Musings & Meditations

The Vampire Lovers

The following is from the article “The Vampire Lovers” by Pam Keesey and Toni Armstrong Jr. Excerpted from HOT WIRE: The Journal of Women’s Music and Culture (volume 10:3, September 1994).


Countess Dracula and Ancient Vampires

Most people are surprised to find out that the earliest vampires are actually associated with the Goddess, especially Kali, Ishtar, Isis, and Cybele. She wasn’t called a vampire; she was the Goddess of Death, the Goddess of War, the Goddess of the Underworld. Hers was the cycle of birth, death, and rebirth. Blood, the symbol of life and death, was her domain. She embodied both life and death, both mortality and immortality (Holte, 1987; McNally, 1983). As warrior tribes superimposed their patriarchal religions on the Goddess-worshipping societies they conquered, those sacred symbols of life were vilified as evil. Of course, this didn’t happen overnight — the process took place over generations and generations.

In the Jewish tradition, the vampire was Lilith, who defied Adam’s supposed authority over her. She was punished by becoming the demon woman who seduced men, draining their life force and giving birth to more demons to populate the earth and terrorize good, god-fearing but sexually weak men (Salmonson, 1991; Time-Life Books, 1985; Twitchell, 1981). In one story, “Lilith’s Cave,” a young woman whose body is taken over by the spirit of Lilith is condemned by her father to “flit from man to man” in the form of a bat (Schwartz, 1990).
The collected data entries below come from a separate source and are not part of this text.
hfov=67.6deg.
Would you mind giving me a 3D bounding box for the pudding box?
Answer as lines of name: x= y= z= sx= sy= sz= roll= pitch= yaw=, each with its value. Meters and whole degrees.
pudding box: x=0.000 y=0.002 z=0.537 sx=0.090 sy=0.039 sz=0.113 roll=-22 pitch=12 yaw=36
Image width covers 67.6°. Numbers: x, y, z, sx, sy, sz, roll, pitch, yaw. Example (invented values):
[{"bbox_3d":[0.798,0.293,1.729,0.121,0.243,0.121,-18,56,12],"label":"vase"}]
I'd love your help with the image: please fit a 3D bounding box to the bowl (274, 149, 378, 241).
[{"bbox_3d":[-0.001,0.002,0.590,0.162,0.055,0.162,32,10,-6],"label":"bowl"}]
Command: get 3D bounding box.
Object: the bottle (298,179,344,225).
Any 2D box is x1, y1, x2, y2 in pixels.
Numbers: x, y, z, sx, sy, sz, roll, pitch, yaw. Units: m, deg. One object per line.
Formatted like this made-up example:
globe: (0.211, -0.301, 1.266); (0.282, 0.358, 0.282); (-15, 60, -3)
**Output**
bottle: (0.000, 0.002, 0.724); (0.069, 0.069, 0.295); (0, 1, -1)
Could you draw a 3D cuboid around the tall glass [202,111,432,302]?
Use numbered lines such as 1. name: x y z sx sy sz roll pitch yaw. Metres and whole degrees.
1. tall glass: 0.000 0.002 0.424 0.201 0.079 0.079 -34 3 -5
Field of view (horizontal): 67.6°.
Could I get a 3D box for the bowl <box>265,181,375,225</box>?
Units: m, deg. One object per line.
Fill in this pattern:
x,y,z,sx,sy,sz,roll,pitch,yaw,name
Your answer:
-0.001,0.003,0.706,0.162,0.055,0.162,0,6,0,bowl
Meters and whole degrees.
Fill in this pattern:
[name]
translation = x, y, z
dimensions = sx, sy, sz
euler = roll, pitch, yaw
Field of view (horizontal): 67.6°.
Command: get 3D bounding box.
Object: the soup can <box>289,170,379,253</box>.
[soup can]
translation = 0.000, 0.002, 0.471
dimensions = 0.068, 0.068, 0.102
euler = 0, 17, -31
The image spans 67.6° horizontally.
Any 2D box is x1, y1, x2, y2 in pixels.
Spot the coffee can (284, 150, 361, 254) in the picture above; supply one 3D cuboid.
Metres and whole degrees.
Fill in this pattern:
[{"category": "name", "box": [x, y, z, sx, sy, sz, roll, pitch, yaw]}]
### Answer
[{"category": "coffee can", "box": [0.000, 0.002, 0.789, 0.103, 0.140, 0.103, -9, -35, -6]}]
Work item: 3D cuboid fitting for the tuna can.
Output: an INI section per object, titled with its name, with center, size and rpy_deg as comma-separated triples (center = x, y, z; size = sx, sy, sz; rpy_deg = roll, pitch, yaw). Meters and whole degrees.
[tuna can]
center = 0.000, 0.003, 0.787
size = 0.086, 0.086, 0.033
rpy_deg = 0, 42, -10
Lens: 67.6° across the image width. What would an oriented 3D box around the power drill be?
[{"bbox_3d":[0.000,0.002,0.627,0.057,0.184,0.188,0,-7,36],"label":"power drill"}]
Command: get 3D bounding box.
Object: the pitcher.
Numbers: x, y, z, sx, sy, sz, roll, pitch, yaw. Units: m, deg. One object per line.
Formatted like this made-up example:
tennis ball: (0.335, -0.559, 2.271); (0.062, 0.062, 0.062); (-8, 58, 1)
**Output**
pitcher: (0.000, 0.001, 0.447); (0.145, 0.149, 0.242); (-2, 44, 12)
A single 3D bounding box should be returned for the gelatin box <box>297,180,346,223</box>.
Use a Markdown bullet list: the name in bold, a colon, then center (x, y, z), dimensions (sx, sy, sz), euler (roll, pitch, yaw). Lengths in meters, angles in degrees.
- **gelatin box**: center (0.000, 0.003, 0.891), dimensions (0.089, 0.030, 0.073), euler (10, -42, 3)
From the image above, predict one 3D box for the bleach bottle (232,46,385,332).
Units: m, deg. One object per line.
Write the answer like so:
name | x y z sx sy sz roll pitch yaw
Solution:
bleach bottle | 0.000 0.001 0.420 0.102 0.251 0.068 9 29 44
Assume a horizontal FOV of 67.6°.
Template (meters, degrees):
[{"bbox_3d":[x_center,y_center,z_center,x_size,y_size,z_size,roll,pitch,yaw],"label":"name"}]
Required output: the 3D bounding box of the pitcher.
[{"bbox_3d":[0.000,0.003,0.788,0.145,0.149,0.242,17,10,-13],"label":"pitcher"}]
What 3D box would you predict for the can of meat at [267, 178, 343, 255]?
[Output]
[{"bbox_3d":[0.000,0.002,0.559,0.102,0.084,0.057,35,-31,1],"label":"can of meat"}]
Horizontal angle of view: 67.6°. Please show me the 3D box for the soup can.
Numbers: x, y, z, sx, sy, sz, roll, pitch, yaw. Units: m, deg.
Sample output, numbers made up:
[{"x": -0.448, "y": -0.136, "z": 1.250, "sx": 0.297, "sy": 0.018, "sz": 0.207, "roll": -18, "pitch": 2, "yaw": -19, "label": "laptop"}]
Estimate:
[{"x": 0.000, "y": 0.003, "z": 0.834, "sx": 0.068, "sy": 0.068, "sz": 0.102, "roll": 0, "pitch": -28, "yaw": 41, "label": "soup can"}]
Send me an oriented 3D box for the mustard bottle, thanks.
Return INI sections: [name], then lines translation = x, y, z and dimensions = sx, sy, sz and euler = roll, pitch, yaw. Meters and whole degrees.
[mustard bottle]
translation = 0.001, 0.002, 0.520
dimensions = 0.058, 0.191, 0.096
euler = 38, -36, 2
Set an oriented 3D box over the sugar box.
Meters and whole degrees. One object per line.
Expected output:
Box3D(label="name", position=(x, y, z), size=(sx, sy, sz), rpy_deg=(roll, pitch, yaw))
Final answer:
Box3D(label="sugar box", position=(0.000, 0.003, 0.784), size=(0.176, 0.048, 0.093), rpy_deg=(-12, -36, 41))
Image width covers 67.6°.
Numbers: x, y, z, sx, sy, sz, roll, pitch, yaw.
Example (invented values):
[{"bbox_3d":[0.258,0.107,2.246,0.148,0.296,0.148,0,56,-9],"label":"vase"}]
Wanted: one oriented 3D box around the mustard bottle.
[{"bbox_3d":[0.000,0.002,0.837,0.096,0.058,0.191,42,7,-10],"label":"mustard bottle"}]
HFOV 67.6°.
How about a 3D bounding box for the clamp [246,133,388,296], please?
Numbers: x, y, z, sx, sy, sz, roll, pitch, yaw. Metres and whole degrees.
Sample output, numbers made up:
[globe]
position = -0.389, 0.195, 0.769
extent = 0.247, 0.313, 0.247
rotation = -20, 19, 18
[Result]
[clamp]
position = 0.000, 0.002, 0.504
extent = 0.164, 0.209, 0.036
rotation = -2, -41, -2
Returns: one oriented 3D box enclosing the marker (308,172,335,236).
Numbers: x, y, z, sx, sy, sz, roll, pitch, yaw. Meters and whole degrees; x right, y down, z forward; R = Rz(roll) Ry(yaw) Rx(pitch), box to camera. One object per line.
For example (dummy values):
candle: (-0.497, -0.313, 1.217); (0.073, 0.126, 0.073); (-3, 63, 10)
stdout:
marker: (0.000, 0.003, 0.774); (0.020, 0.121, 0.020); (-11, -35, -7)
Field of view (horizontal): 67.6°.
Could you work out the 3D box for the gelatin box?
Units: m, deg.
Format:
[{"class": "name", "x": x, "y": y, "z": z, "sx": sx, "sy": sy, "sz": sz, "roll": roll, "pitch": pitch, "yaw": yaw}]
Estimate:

In Christian lore, she is Eve the temptress. Eve is blamed for not only the downfall of Adam, but for the destruction of Paradise. She never attained Lilith’s reputation for evil, but Eve has certainly become a scapegoat for good, god-fearing, but sexually weak men. By the time Bram Stoker wrote his novel Dracula in 1897, the vampire had already been in the public consciousness throughout Europe for several centuries. (Note: most cultures of the world have their own vampire lore.) Some people believed that vampires caused bubonic plague. In Eastern Europe, reports of vampire sightings and villages plagued by the undead were made to local authorities on a regular basis. Priests and scholars wrote tomes on how to protect self and loved ones from possession by the devil and from vampire attacks. Bram Stoker was actually jumping on the vampire bandwagon long after their popularity had been established.

Dracula’s Mother
More than twenty-five years before Dracula, Irish ghost-tale writer J. Sheridan LeFanu published Through a Glass Darkly (1871), a collection of supernatural short stories including the famous “Carmilla.” The story is told ten years after the fact by the heroine of the story, Laura, who lives in an isolated castle with her father, when Carmilla (the victim of a carriage accident) comes to stay with them. Carmilla has dark hair, sharp eyes, languid gestures, and pale, luminous skin. Laura is delighted with her new companion, but finds her mysterious ways confusing. Carmilla tells Laura how much she loves her, and that she regrets knowing that one day Laura will marry a man and forget all about her. Laura reassures her that theirs is a friendship that will last forever. In the meantime, Laura is becoming pale and lethargic, spending more and more time in bed. She is haunted by strange dreams in which she is bitten by a cat and suffers from an overwhelming sensation consisting of trembling, shortness of breath, and convulsions that sound very sexual in nature. Laura’s father calls for the doctor, who discovers a bite just above Laura’s left breast — the work of a vampire, he concludes. Carmilla’s ruse is discovered and she is hunted down and killed.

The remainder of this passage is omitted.